With her cup of tea, Flora walked back along the book-lined hallway, running her fingers along the spines as she passed: an Italian phrase book, How to Breed Cats for Profit, Jaws. She stopped to flip the record and then went into the bedroom. For the first nine years of Flora’s life it had been her mother’s, filled with her mother’s things, and although her father had occasionally spent the night there rather than sleeping in his writing room, Flora still thought of him as a visitor to the house. The bedroom was on a front corner, with two side windows facing the sea and one looking out onto the veranda. She put the light on and saw this space was also full of books, against the walls and stacked beside the bed.
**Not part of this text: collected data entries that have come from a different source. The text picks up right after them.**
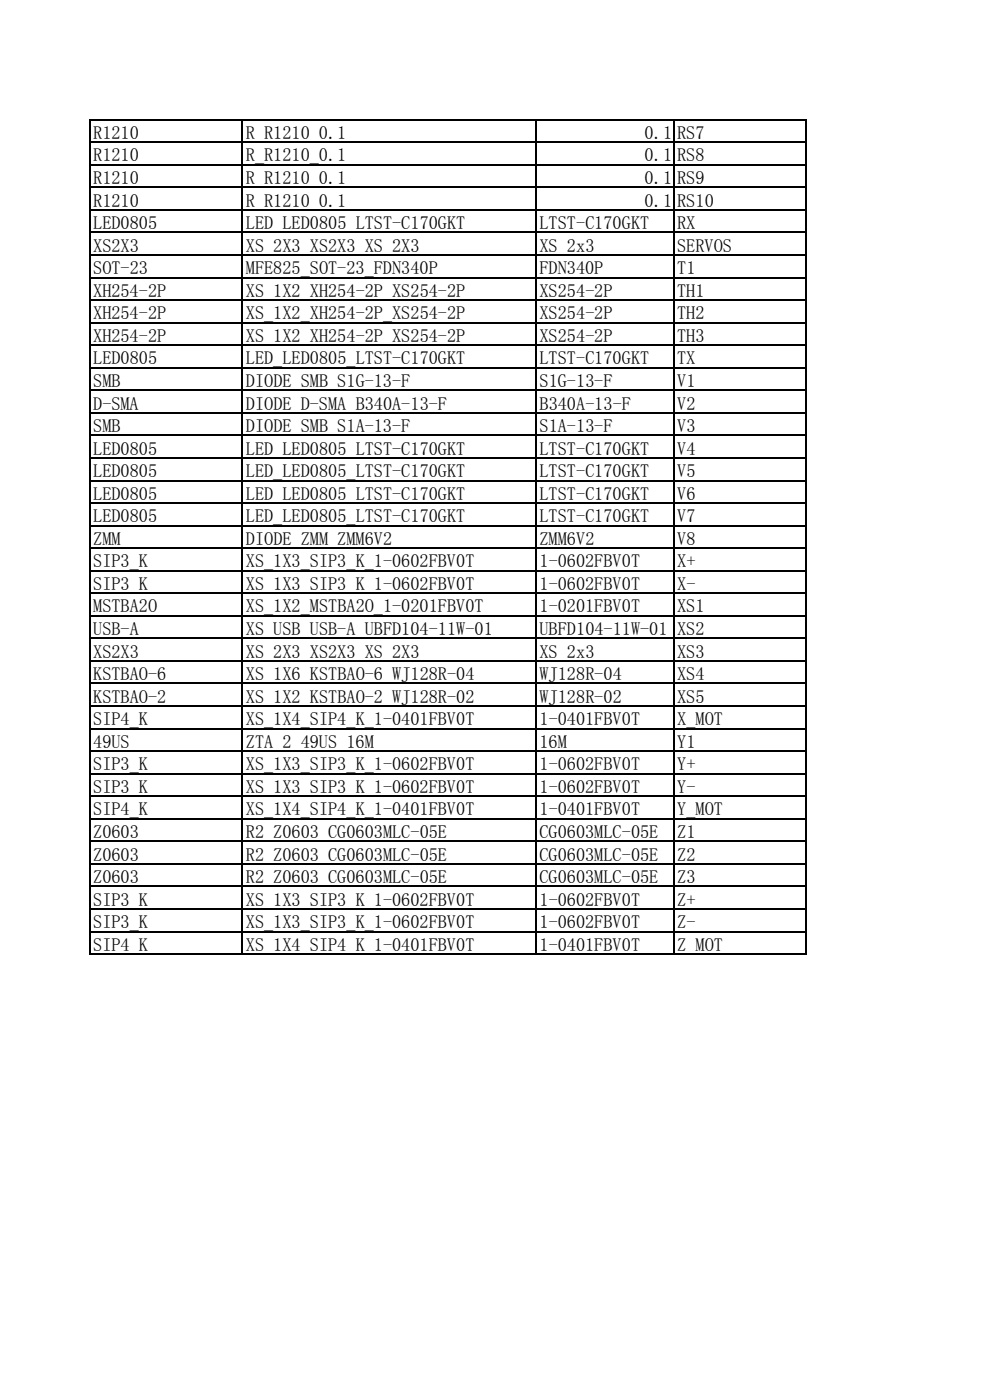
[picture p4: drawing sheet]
<svg xmlns="http://www.w3.org/2000/svg" width="210mm" height="297mm" viewBox="0 0 210 297" stroke-linecap="round" stroke-linejoin="round" font-family="sans-serif">
<defs><g id="words">
<g font-size="3.9">
<text x="19.8" y="29.4">R1210</text>
<text x="52.2" y="29.4">R_R1210_0.1</text>
<text x="136.7" y="29.4">0.1</text>
<text x="143.6" y="29.4">RS7</text>
<text x="19.8" y="34.2">R1210</text>
<text x="52.2" y="34.2">R_R1210_0.1</text>
<text x="136.7" y="34.2">0.1</text>
<text x="143.6" y="34.2">RS8</text>
<text x="19.8" y="39.1">R1210</text>
<text x="52.2" y="39.1">R_R1210_0.1</text>
<text x="136.7" y="39.1">0.1</text>
<text x="143.6" y="39.1">RS9</text>
<text x="19.8" y="43.8">R1210</text>
<text x="52.2" y="43.8">R_R1210_0.1</text>
<text x="136.7" y="43.8">0.1</text>
<text x="143.6" y="43.8">RS10</text>
<text x="19.8" y="48.6">LED0805</text>
<text x="19.8" y="53.4">XS2X3</text>
<text x="52.2" y="48.6">LED_LED0805_LTST-C170GKT</text>
<text x="52.2" y="53.4">XS_2X3_XS2X3_XS_2X3</text>
<text x="114.4" y="48.6">LTST-C170GKT</text>
<text x="114.4" y="53.4">XS_2x3</text>
<text x="143.6" y="48.6">RX</text>
<text x="143.6" y="53.4">SERVOS</text>
<text x="19.8" y="58.1">SOT-23</text>
<text x="52.2" y="58.1">MFE825_SOT-23_FDN340P</text>
<text x="114.4" y="58.1">FDN340P</text>
<text x="143.6" y="58.1">T1</text>
<text x="19.8" y="63">XH254-2P</text>
<text x="52.2" y="63">XS_1X2_XH254-2P_XS254-2P</text>
<text x="114.4" y="63">XS254-2P</text>
<text x="143.6" y="63">TH1</text>
<text x="19.8" y="67.8">XH254-2P</text>
<text x="52.2" y="67.8">XS_1X2_XH254-2P_XS254-2P</text>
<text x="114.4" y="67.8">XS254-2P</text>
<text x="143.6" y="67.8">TH2</text>
<text x="19.8" y="72.5">XH254-2P</text>
<text x="19.8" y="77.3">LED0805</text>
<text x="52.2" y="72.5">XS_1X2_XH254-2P_XS254-2P</text>
<text x="52.2" y="77.3">LED_LED0805_LTST-C170GKT</text>
<text x="114.4" y="72.5">XS254-2P</text>
<text x="114.4" y="77.3">LTST-C170GKT</text>
<text x="143.6" y="72.5">TH3</text>
<text x="143.6" y="77.3">TX</text>
<text x="19.8" y="82.1">SMB</text>
<text x="52.2" y="82.1">DIODE_SMB_S1G-13-F</text>
<text x="114.4" y="82.1">S1G-13-F</text>
<text x="143.6" y="82.1">V1</text>
<text x="19.8" y="86.9">D-SMA</text>
<text x="52.2" y="86.9">DIODE_D-SMA_B340A-13-F</text>
<text x="114.4" y="86.9">B340A-13-F</text>
<text x="143.6" y="86.9">V2</text>
<text x="19.8" y="91.7">SMB</text>
<text x="52.2" y="91.7">DIODE_SMB_S1A-13-F</text>
<text x="114.4" y="91.7">S1A-13-F</text>
<text x="143.6" y="91.7">V3</text>
<text x="19.8" y="96.4">LED0805</text>
<text x="19.8" y="101.2">LED0805</text>
<text x="52.2" y="96.4">LED_LED0805_LTST-C170GKT</text>
<text x="52.2" y="101.2">LED_LED0805_LTST-C170GKT</text>
<text x="114.4" y="96.4">LTST-C170GKT</text>
<text x="114.4" y="101.2">LTST-C170GKT</text>
<text x="143.6" y="96.4">V4</text>
<text x="143.6" y="101.2">V5</text>
<text x="19.8" y="106">LED0805</text>
<text x="52.2" y="106">LED_LED0805_LTST-C170GKT</text>
<text x="114.4" y="106">LTST-C170GKT</text>
<text x="143.6" y="106">V6</text>
<text x="19.8" y="110.8">LED0805</text>
<text x="52.2" y="110.8">LED_LED0805_LTST-C170GKT</text>
<text x="114.4" y="110.8">LTST-C170GKT</text>
<text x="143.6" y="110.8">V7</text>
<text x="19.8" y="115.6">ZMM</text>
<text x="52.2" y="115.6">DIODE_ZMM_ZMM6V2</text>
<text x="114.4" y="115.6">ZMM6V2</text>
<text x="143.6" y="115.6">V8</text>
<text x="19.8" y="120.4">SIP3_K</text>
<text x="19.8" y="125.1">SIP3_K</text>
<text x="52.2" y="120.4">XS_1X3_SIP3_K_1-0602FBV0T</text>
<text x="52.2" y="125.1">XS_1X3_SIP3_K_1-0602FBV0T</text>
<text x="114.4" y="120.4">1-0602FBV0T</text>
<text x="114.4" y="125.1">1-0602FBV0T</text>
<text x="143.6" y="120.4">X+</text>
<text x="143.6" y="125.1">X-</text>
<text x="19.8" y="129.9">MSTBA2O</text>
<text x="52.2" y="129.9">XS_1X2_MSTBA2O_1-0201FBV0T</text>
<text x="114.4" y="129.9">1-0201FBV0T</text>
<text x="143.6" y="129.9">XS1</text>
<text x="19.8" y="134.7">USB-A</text>
<text x="52.2" y="134.7">XS_USB_USB-A_UBFD104-11W-01</text>
<text x="114.4" y="134.7">UBFD104-11W-01</text>
<text x="143.6" y="134.7">XS2</text>
<text x="19.8" y="139.5">XS2X3</text>
<text x="52.2" y="139.5">XS_2X3_XS2X3_XS_2X3</text>
<text x="114.4" y="139.5">XS_2x3</text>
<text x="143.6" y="139.5">XS3</text>
<text x="19.8" y="144.3">KSTBAO-6</text>
<text x="19.8" y="149">KSTBAO-2</text>
<text x="52.2" y="144.3">XS_1X6_KSTBAO-6_WJ128R-04</text>
<text x="52.2" y="149">XS_1X2_KSTBAO-2_WJ128R-02</text>
<text x="114.4" y="144.3">WJ128R-04</text>
<text x="114.4" y="149">WJ128R-02</text>
<text x="143.6" y="144.3">XS4</text>
<text x="143.6" y="149">XS5</text>
<text x="19.8" y="153.8">SIP4_K</text>
<text x="52.2" y="153.8">XS_1X4_SIP4_K_1-0401FBV0T</text>
<text x="114.4" y="153.8">1-0401FBV0T</text>
<text x="143.6" y="153.8">X_MOT</text>
<text x="19.8" y="158.6">49US</text>
<text x="52.2" y="158.6">ZTA_2_49US_16M</text>
<text x="114.4" y="158.6">16M</text>
<text x="143.6" y="158.6">Y1</text>
<text x="19.8" y="163.4">SIP3_K</text>
<text x="52.2" y="163.4">XS_1X3_SIP3_K_1-0602FBV0T</text>
<text x="114.4" y="163.4">1-0602FBV0T</text>
<text x="143.6" y="163.4">Y+</text>
<text x="19.8" y="168.2">SIP3_K</text>
<text x="19.8" y="172.9">SIP4_K</text>
<text x="52.2" y="168.2">XS_1X3_SIP3_K_1-0602FBV0T</text>
<text x="52.2" y="172.9">XS_1X4_SIP4_K_1-0401FBV0T</text>
<text x="114.4" y="168.2">1-0602FBV0T</text>
<text x="114.4" y="172.9">1-0401FBV0T</text>
<text x="143.6" y="168.2">Y-</text>
<text x="143.6" y="172.9">Y_MOT</text>
<text x="19.8" y="177.7">Z0603</text>
<text x="52.2" y="177.7">R2_Z0603_CG0603MLC-05E</text>
<text x="114.4" y="177.7">CG0603MLC-05E</text>
<text x="143.6" y="177.7">Z1</text>
<text x="19.8" y="182.6">Z0603</text>
<text x="52.2" y="182.6">R2_Z0603_CG0603MLC-05E</text>
<text x="114.4" y="182.6">CG0603MLC-05E</text>
<text x="143.6" y="182.6">Z2</text>
<text x="19.8" y="187.3">Z0603</text>
<text x="52.2" y="187.3">R2_Z0603_CG0603MLC-05E</text>
<text x="114.4" y="187.3">CG0603MLC-05E</text>
<text x="143.6" y="187.3">Z3</text>
<text x="19.8" y="192.1">SIP3_K</text>
<text x="19.8" y="196.9">SIP3_K</text>
<text x="52.2" y="192.1">XS_1X3_SIP3_K_1-0602FBV0T</text>
<text x="52.2" y="196.9">XS_1X3_SIP3_K_1-0602FBV0T</text>
<text x="114.4" y="192.1">1-0602FBV0T</text>
<text x="114.4" y="196.9">1-0602FBV0T</text>
<text x="143.6" y="192.1">Z+</text>
<text x="143.6" y="196.9">Z-</text>
<text x="19.8" y="201.6">SIP4_K</text>
<text x="52.2" y="201.6">XS_1X4_SIP4_K_1-0401FBV0T</text>
<text x="114.4" y="201.6">1-0401FBV0T</text>
<text x="143.6" y="201.6">Z_MOT</text>
</g>
</g></defs>
<g fill="none" stroke="#000" stroke-width=".34">
<path d="M18.9 25.4h152.2M18.9 30.2h152.2M18.9 35h152.2M18.9 39.8h152.2M19 25.2v177.4M51.4 25.2v177.4M113.7 25.2v177.4M143 25.2v177.4M170.9 25.2v177.4M18.9 44.5h152.2M18.9 49.3h152.2M18.9 54.1h152.2"/>
<path d="M18.9 58.9h152.2M18.9 63.7h152.2M18.9 68.5h152.2M18.9 73.2h152.2M18.9 78h152.2M18.9 82.8h152.2M18.9 87.6h152.2M18.9 92.4h152.2M18.9 97.2h152.2M18.9 101.9h152.2M18.9 106.7h152.2M18.9 111.5h152.2"/>
<path d="M18.9 116.3h152.2M18.9 121.1h152.2M18.9 125.9h152.2M18.9 130.6h152.2M18.9 135.4h152.2M18.9 140.2h152.2M18.9 145h152.2M18.9 149.8h152.2M18.9 154.6h152.2M18.9 159.3h152.2M18.9 164.1h152.2M18.9 168.9h152.2"/>
<path d="M18.9 173.7h152.2M18.9 178.5h152.2M18.9 183.3h152.2M18.9 188h152.2M18.9 192.8h152.2M18.9 197.6h152.2M18.9 202.4h152.2"/>
</g>
<use href="#words"/>
</svg>

A glass of water stood on top of a pile on the bedside table, and on the other side, the digital alarm clock that had stopped working years ago perched on another stack. The bed, an ancient giant that used to dominate the room, was now overshadowed and reduced by paper. The blankets and cover were rumpled, and one of the pillows still bore the indent of a head, as if someone had been there just a few minutes before. Flora put her nose to it, smelling the khaki colour of unwashed hair. She wasn’t sure what she had been hoping for. If her mother had come home it was ridiculous to think she would have got into bed. Flora opened the wardrobe, half hoping the greatcoat would be hanging there. She remembered the odour of it, thick and heavy like the stems of nettles and tangled undergrowth. She had liked to hide things in the pockets. No greatcoat. Just Gil’s shirts, all facing the same way, pairs of trousers folded over the hangers with the creases crisp, a jacket, a suit Flora couldn’t remember him wearing, and two pairs of slip-on shoes. They might once have been stylish: soft Italian leather, hand stitched, but now split around the seams and the heels worn down. She realised her father must have moved back into the house.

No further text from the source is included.